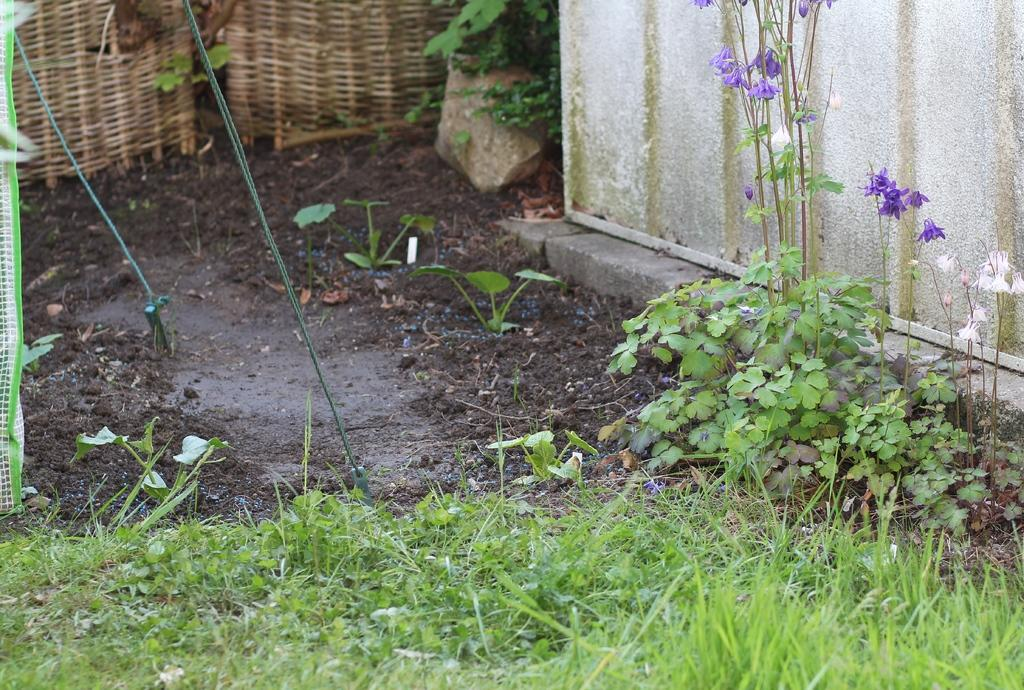What type of plants are present in the image? There are plants with flowers in the image. Can you describe the ground in the image? The ground in the image is covered with grass. What other object can be seen in the image? There is a stone visible in the image. How many wings can be seen on the flowers in the image? Flowers do not have wings, so there are no wings visible on the flowers in the image. 
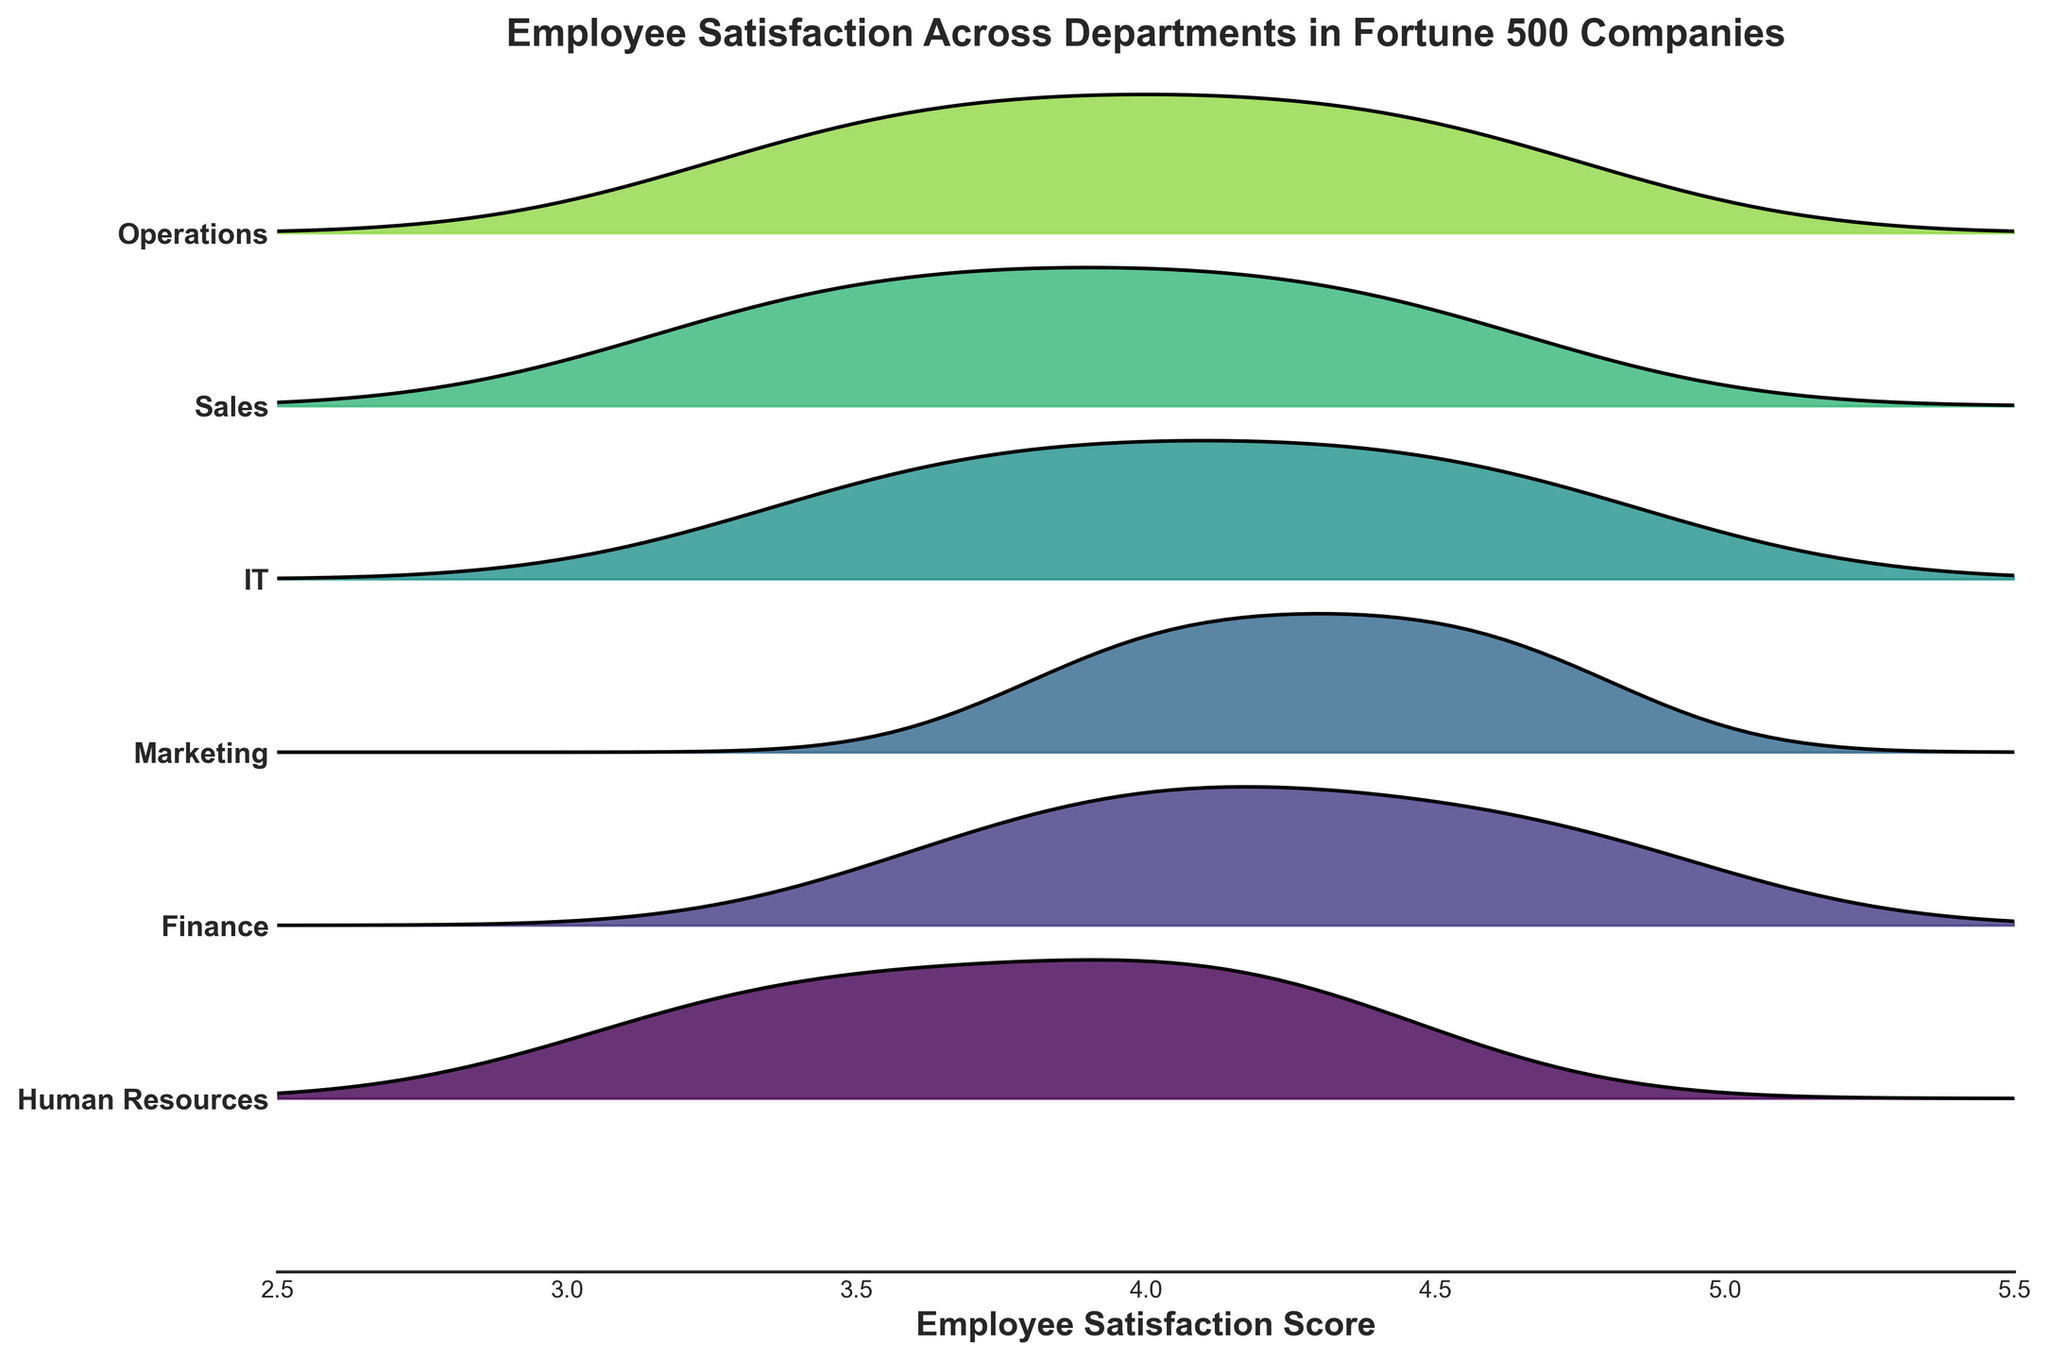Which department has the widest range of employee satisfaction scores? By examining the width of the kernel density estimates for each department, we can see which range spans the most. The widest range is a larger spread across the x-axis.
Answer: Operations What is the title of the figure? The title is usually placed at the top of the figure. In this case, it is clearly visible and indicates the main topic of the figure.
Answer: Employee Satisfaction Across Departments in Fortune 500 Companies Which department shows the highest peak in the Ridgeline plot? The highest peak indicates the maximum density, which can be seen by identifying the tallest point across the y-axis.
Answer: Marketing Does the Operations department have any scores below 3.0? The x-axis ranges from 2.5 to 5.5. By visually inspecting the Operations department's distribution, we can see if it extends below 3.0.
Answer: No Which department shows the narrowest range of satisfaction scores? The narrowest range can be identified by looking at the department with the smallest spread across the x-axis.
Answer: Human Resources What is the x-axis labeled as in the figure? Usually, the label of the x-axis is placed horizontally below the axis. In this figure, it describes what the x-values represent.
Answer: Employee Satisfaction Score Among IT and Finance, which department has a higher median satisfaction score? By checking the central tendency of the density plot for both IT and Finance, we can determine which department's median is higher.
Answer: Finance Which color represents the Human Resources department in the Ridgeline plot? Each department likely has a distinct color. By identifying the specific department labeled "Human Resources," we can associate it with its color.
Answer: A shade of green (assuming from Viridis) Which departments show scores with significant overlap? By observing the continuity in the overlapping sections of department distributions, we can determine which have significant overlaps.
Answer: IT and Marketing What score range does the Finance department cover? By visually tracing the distribution of densities for the Finance department, we can see the minimum and maximum scores it covers.
Answer: 3.7 to 4.8 
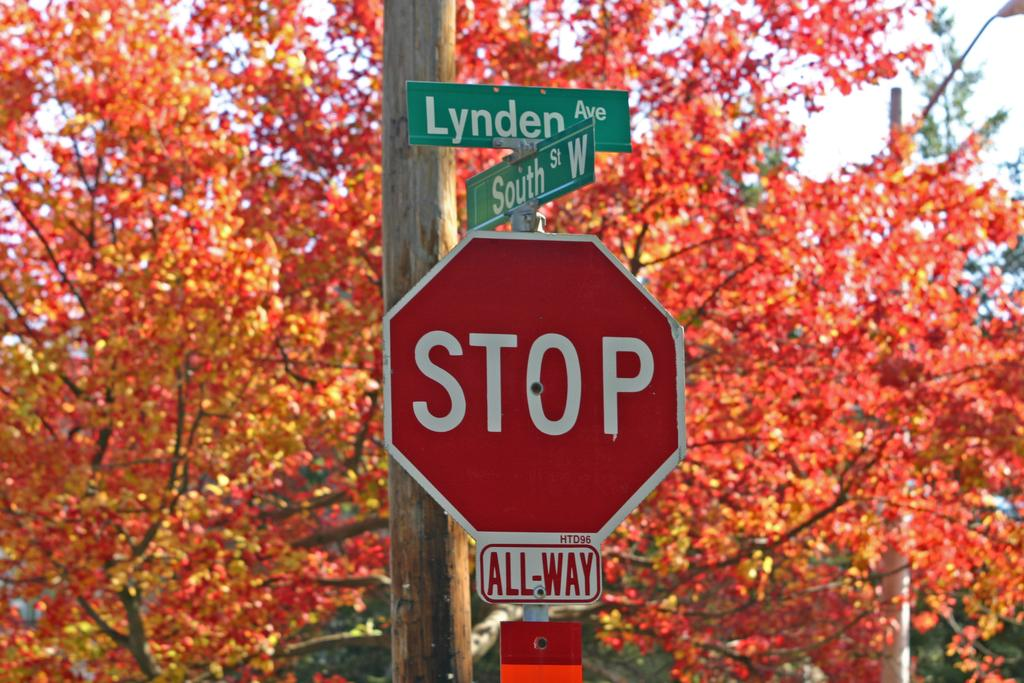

------------------------------------------------

_To do:_ Quote exactly the lines from the line that contains "Answer: Human Resources" through the last line of the listing, please, leaving out all pictures.

_Finished exercise:_
Answer: Human Resources What is the x-axis labeled as in the figure? Usually, the label of the x-axis is placed horizontally below the axis. In this figure, it describes what the x-values represent.
Answer: Employee Satisfaction Score Among IT and Finance, which department has a higher median satisfaction score? By checking the central tendency of the density plot for both IT and Finance, we can determine which department's median is higher.
Answer: Finance Which color represents the Human Resources department in the Ridgeline plot? Each department likely has a distinct color. By identifying the specific department labeled "Human Resources," we can associate it with its color.
Answer: A shade of green (assuming from Viridis) Which departments show scores with significant overlap? By observing the continuity in the overlapping sections of department distributions, we can determine which have significant overlaps.
Answer: IT and Marketing What score range does the Finance department cover? By visually tracing the distribution of densities for the Finance department, we can see the minimum and maximum scores it covers.
Answer: 3.7 to 4.8 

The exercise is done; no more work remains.